Collected data entries
┄┄┄┄┄┄┄┄┄┄

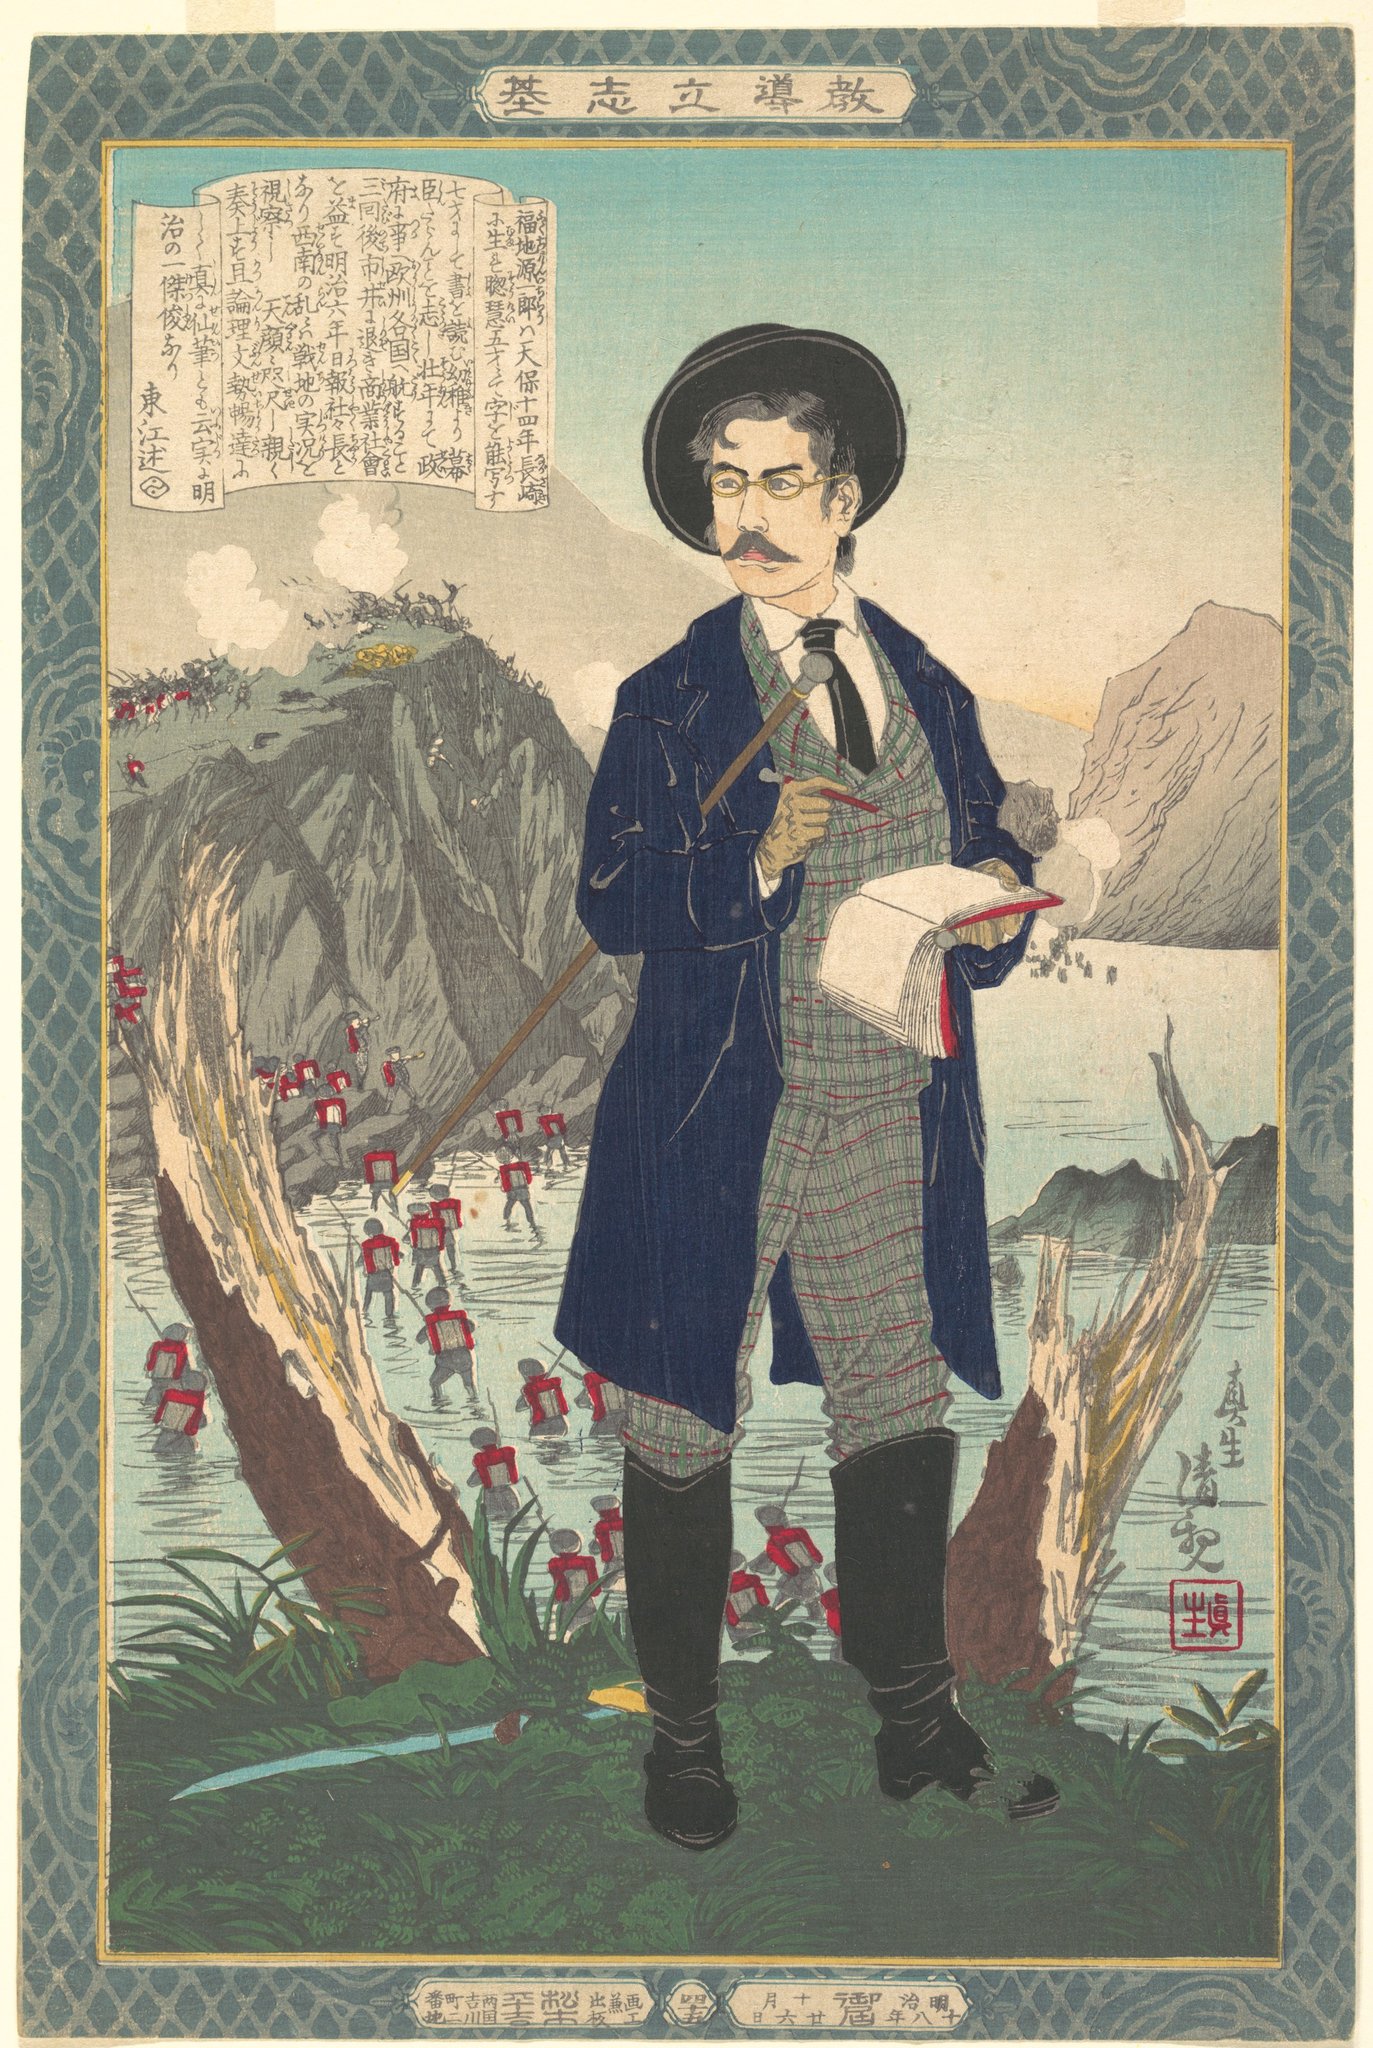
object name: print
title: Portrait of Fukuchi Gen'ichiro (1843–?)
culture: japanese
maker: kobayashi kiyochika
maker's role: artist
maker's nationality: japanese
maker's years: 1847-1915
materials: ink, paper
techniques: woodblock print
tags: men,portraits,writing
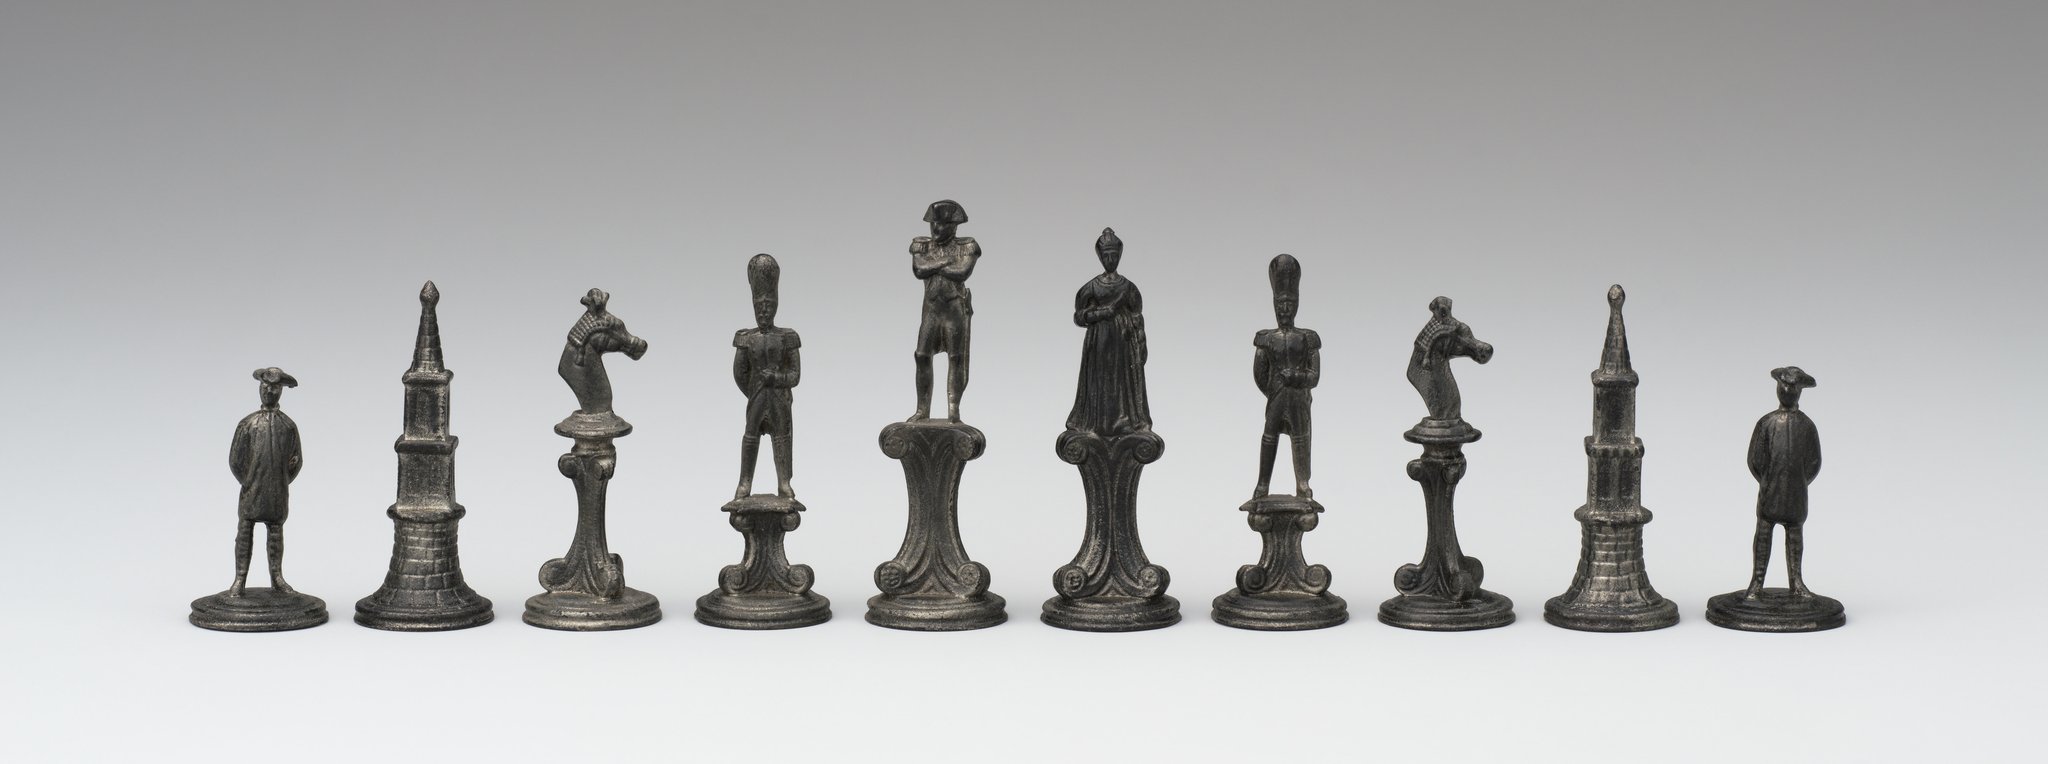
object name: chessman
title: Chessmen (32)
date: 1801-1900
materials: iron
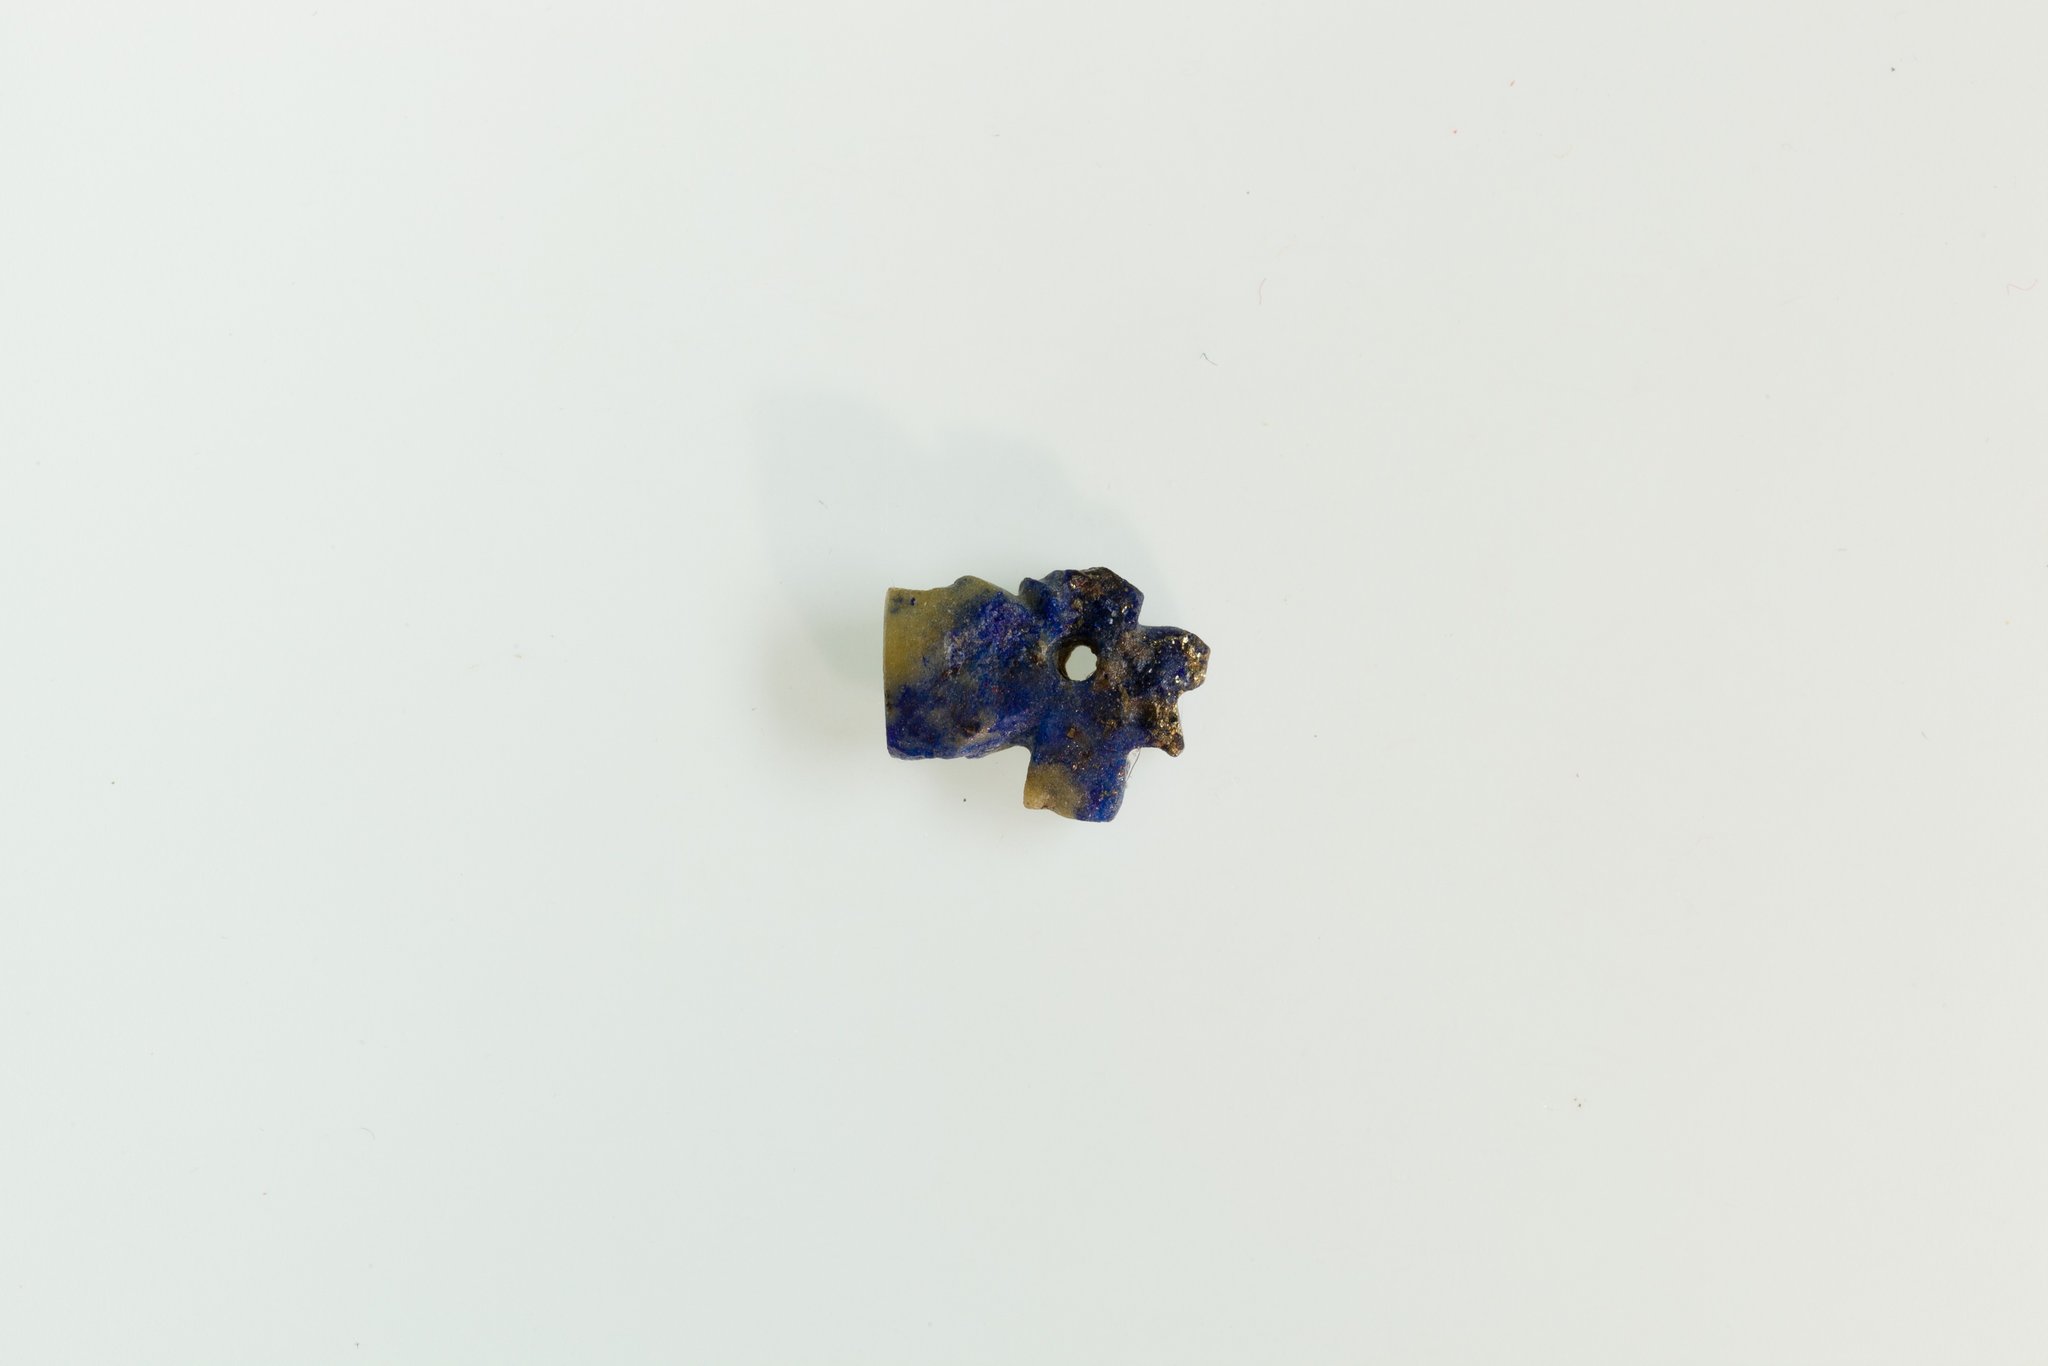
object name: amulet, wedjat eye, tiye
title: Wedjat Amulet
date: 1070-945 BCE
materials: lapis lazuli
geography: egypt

┄┄┄┄┄┄┄┄┄┄

Activity: Pictures are to be left out, and the lines from the beginning of the records through the line with "materials: iron" are to be printed exactly, with nothing added.

Response:
object name: print
title: Portrait of Fukuchi Gen'ichiro (1843–?)
culture: japanese
maker: kobayashi kiyochika
maker's role: artist
maker's nationality: japanese
maker's years: 1847-1915
materials: ink, paper
techniques: woodblock print
tags: men,portraits,writing
object name: chessman
title: Chessmen (32)
date: 1801-1900
materials: iron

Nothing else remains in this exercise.